Another example is the antidepressant drugs escitalopram and citalopram. Citalopram is a racemate ; escitalopram is a pure enantiomer. The dosages for escitalopram are typically 1/2 of those for citalopram.
Enantioselective preparations
There are two main strategies for the preparation of enantiopure compounds. The first is known as chiral resolution. This method involves preparing the compound in racemic form, and separating it into its isomers.
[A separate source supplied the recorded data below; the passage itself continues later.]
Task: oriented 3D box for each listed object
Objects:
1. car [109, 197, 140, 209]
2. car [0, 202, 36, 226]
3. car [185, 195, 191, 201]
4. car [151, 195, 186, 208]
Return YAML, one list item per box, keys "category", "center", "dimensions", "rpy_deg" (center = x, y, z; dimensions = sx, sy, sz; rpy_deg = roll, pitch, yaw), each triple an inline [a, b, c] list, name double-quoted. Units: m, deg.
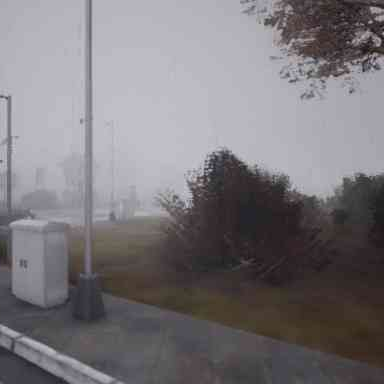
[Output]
- category: "car"
  center: [-9.171, 1.502, 45.603]
  dimensions: [2.128, 1.511, 4.902]
  rpy_deg: [0, 0, 33]
- category: "car"
  center: [-12.295, 1.359, 20.966]
  dimensions: [2.097, 1.767, 4.553]
  rpy_deg: [0, 0, 32]
- category: "car"
  center: [-0.602, 1.141, 58.877]
  dimensions: [1.882, 1.535, 5.008]
  rpy_deg: [0, 0, 33]
- category: "car"
  center: [-3.565, 1.557, 47.875]
  dimensions: [2.033, 1.411, 5.357]
  rpy_deg: [0, 0, 33]
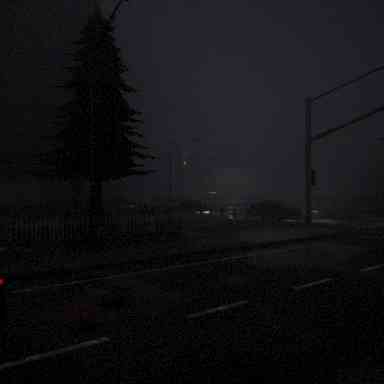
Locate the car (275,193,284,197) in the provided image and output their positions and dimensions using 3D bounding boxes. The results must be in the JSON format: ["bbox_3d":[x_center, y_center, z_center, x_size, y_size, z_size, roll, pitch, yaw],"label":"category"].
[{"bbox_3d":[19.210,1.364,79.725,1.784,1.438,3.905,0,0,-36],"label":"car"}]

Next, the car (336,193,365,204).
[{"bbox_3d":[34.641,1.153,72.308,1.932,1.855,4.605,0,0,-36],"label":"car"}]

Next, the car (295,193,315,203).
[{"bbox_3d":[20.951,1.395,62.403,1.970,1.475,3.806,0,0,-36],"label":"car"}]

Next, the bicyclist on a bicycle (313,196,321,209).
[{"bbox_3d":[15.931,1.302,42.301,1.656,1.620,0.582,0,0,-36],"label":"bicyclist on a bicycle"}]

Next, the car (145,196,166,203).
[{"bbox_3d":[-7.536,1.547,68.216,2.033,1.411,5.357,0,0,-36],"label":"car"}]

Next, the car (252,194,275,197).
[{"bbox_3d":[16.855,1.395,78.041,1.970,1.475,3.806,0,0,-36],"label":"car"}]

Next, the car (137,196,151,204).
[{"bbox_3d":[-9.866,1.564,65.615,1.994,1.385,4.181,0,0,-36],"label":"car"}]

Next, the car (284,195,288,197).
[{"bbox_3d":[21.363,1.153,81.327,1.932,1.855,4.605,0,0,-36],"label":"car"}]

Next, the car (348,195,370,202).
[{"bbox_3d":[37.034,1.364,73.941,1.784,1.438,3.905,0,0,-36],"label":"car"}]

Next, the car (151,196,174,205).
[{"bbox_3d":[-4.679,1.491,58.437,2.128,1.511,4.902,0,0,-36],"label":"car"}]

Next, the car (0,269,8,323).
[{"bbox_3d":[-4.992,1.564,4.716,4.181,1.385,1.994,0,0,-36],"label":"car"}]

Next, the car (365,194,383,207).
[{"bbox_3d":[26.528,1.153,44.983,1.932,1.855,4.605,0,0,-36],"label":"car"}]

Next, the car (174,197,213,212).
[{"bbox_3d":[0.086,1.564,39.517,1.994,1.385,4.181,0,0,-36],"label":"car"}]

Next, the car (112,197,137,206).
[{"bbox_3d":[-11.863,1.548,56.238,2.033,1.411,5.357,0,0,-35],"label":"car"}]

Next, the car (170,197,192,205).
[{"bbox_3d":[-2.087,1.564,60.749,1.994,1.385,4.181,0,0,-35],"label":"car"}]

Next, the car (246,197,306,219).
[{"bbox_3d":[7.333,1.478,29.457,1.882,1.535,5.008,0,0,-36],"label":"car"}]
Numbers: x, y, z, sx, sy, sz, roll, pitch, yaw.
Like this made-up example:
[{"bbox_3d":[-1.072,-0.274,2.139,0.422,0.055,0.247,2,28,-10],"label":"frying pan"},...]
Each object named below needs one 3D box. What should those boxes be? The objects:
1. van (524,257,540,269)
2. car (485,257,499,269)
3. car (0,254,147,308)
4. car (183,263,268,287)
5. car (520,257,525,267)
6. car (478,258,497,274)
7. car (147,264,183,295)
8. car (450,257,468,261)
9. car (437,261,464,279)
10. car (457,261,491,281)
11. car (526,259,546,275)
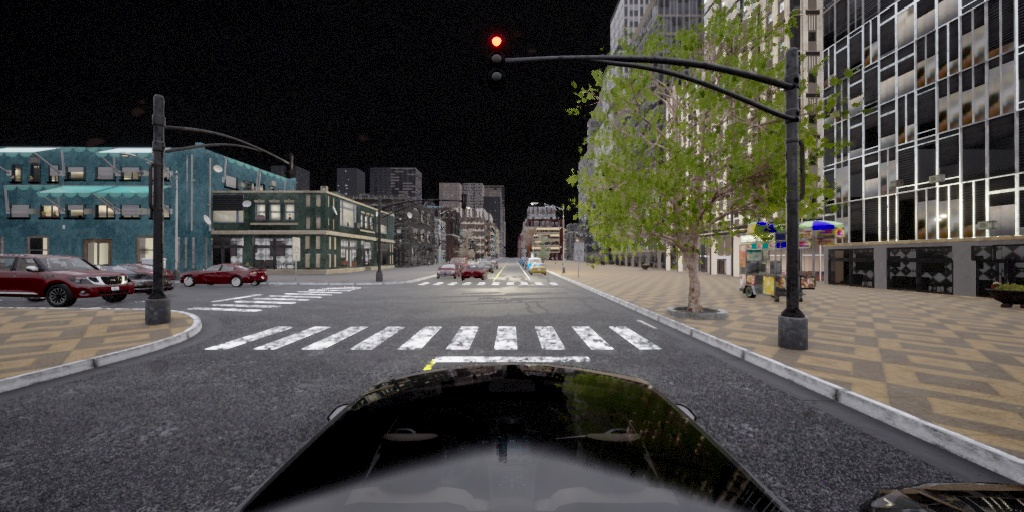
[{"bbox_3d":[2.722,1.096,43.651,1.690,1.789,3.998,0,0,0],"label":"van"},{"bbox_3d":[-3.048,1.282,54.447,1.812,1.442,4.674,0,0,0],"label":"car"},{"bbox_3d":[-17.150,0.850,13.173,5.009,1.841,2.192,0,0,-1],"label":"car"},{"bbox_3d":[-17.262,1.122,21.552,4.507,1.381,1.888,0,0,-1],"label":"car"},{"bbox_3d":[2.730,1.307,54.753,2.007,1.370,4.403,0,0,0],"label":"car"},{"bbox_3d":[-3.067,1.261,41.996,1.837,1.490,4.892,0,0,0],"label":"car"},{"bbox_3d":[-18.228,1.083,15.751,5.357,1.411,2.033,1,0,-1],"label":"car"},{"bbox_3d":[-5.662,1.069,38.104,2.192,1.841,5.009,0,0,0],"label":"car"},{"bbox_3d":[-5.666,1.335,32.553,1.802,1.307,4.207,0,0,0],"label":"car"},{"bbox_3d":[-3.078,1.354,29.724,1.895,1.301,4.718,0,0,0],"label":"car"},{"bbox_3d":[2.718,1.279,38.270,1.751,1.417,4.829,0,0,0],"label":"car"}]
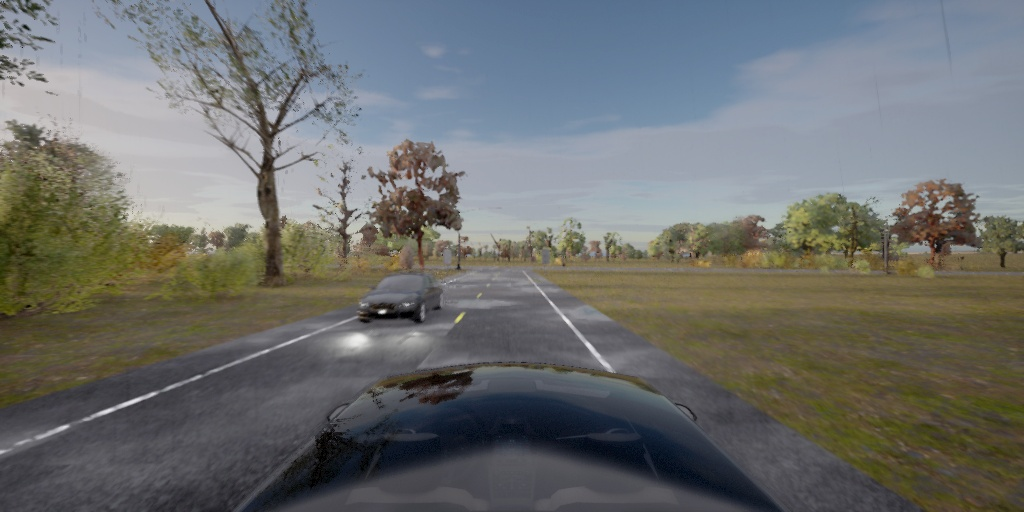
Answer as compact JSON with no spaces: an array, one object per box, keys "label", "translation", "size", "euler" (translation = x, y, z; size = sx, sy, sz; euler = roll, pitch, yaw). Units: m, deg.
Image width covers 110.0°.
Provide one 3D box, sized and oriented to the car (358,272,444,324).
[{"label":"car","translation":[-3.598,1.328,12.388],"size":[1.837,1.490,4.892],"euler":[0,-1,0]}]
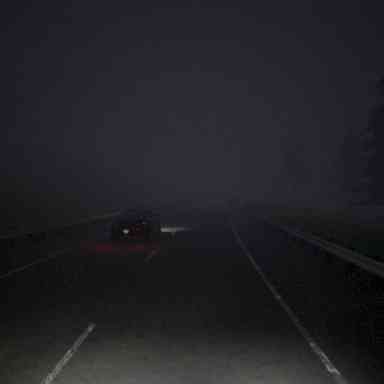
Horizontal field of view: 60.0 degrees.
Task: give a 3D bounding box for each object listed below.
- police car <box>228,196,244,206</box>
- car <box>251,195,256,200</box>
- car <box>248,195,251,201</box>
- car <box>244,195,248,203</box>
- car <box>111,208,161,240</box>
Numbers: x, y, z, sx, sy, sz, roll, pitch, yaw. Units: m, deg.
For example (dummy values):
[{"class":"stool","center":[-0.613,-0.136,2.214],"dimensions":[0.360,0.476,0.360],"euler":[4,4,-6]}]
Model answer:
[{"class":"police car","center":[7.710,1.588,59.862],"dimensions":[1.930,1.638,5.238],"euler":[0,0,12]},{"class":"car","center":[15.595,1.636,91.795],"dimensions":[2.128,1.511,4.902],"euler":[0,0,18]},{"class":"car","center":[11.495,1.711,74.931],"dimensions":[1.837,1.490,4.892],"euler":[0,0,16]},{"class":"car","center":[9.960,1.541,69.236],"dimensions":[2.097,1.767,4.553],"euler":[0,0,14]},{"class":"car","center":[-2.786,1.566,17.064],"dimensions":[1.812,1.442,4.674],"euler":[0,0,3]}]
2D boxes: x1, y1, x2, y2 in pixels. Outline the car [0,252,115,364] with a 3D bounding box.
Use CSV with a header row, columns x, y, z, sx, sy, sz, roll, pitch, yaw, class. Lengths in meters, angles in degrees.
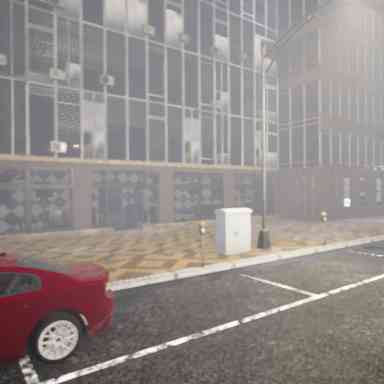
x,y,z,sx,sy,sz,roll,pitch,yaw,class
-3.261,1.547,4.236,4.507,1.381,1.887,0,0,-36,car
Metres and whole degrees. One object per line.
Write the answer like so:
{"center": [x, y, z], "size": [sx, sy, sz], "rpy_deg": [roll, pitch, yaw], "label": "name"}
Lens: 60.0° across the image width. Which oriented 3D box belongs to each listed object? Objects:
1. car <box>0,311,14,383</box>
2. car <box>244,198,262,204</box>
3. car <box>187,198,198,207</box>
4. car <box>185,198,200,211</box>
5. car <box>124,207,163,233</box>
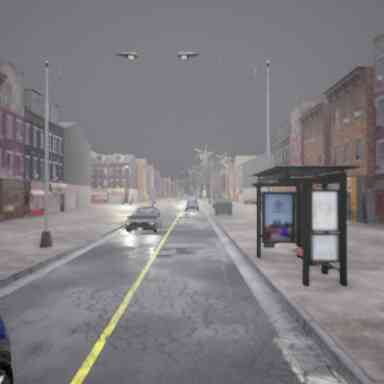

In his pioneering work, Louis Pasteur was able to isolate the isomers of tartaric acid because they crystallize from solution as crystals each with a different symmetry. A less common method is by enantiomer self-disproportionation.The second strategy is asymmetric synthesis: the use of various techniques to prepare the desired compound in high enantiomeric excess. Techniques encompassed include the use of chiral starting materials, the use of chiral auxiliaries and chiral catalysts, and the application of asymmetric induction. The use of enzymes may also produce the desired compound.
Enantioconvergent synthesis is the synthesis of one enantiomer from a racemic precursor molecule utilizing both enantiomers. Thus, the two enantiomers of the reactant produce a single enantiomer of product.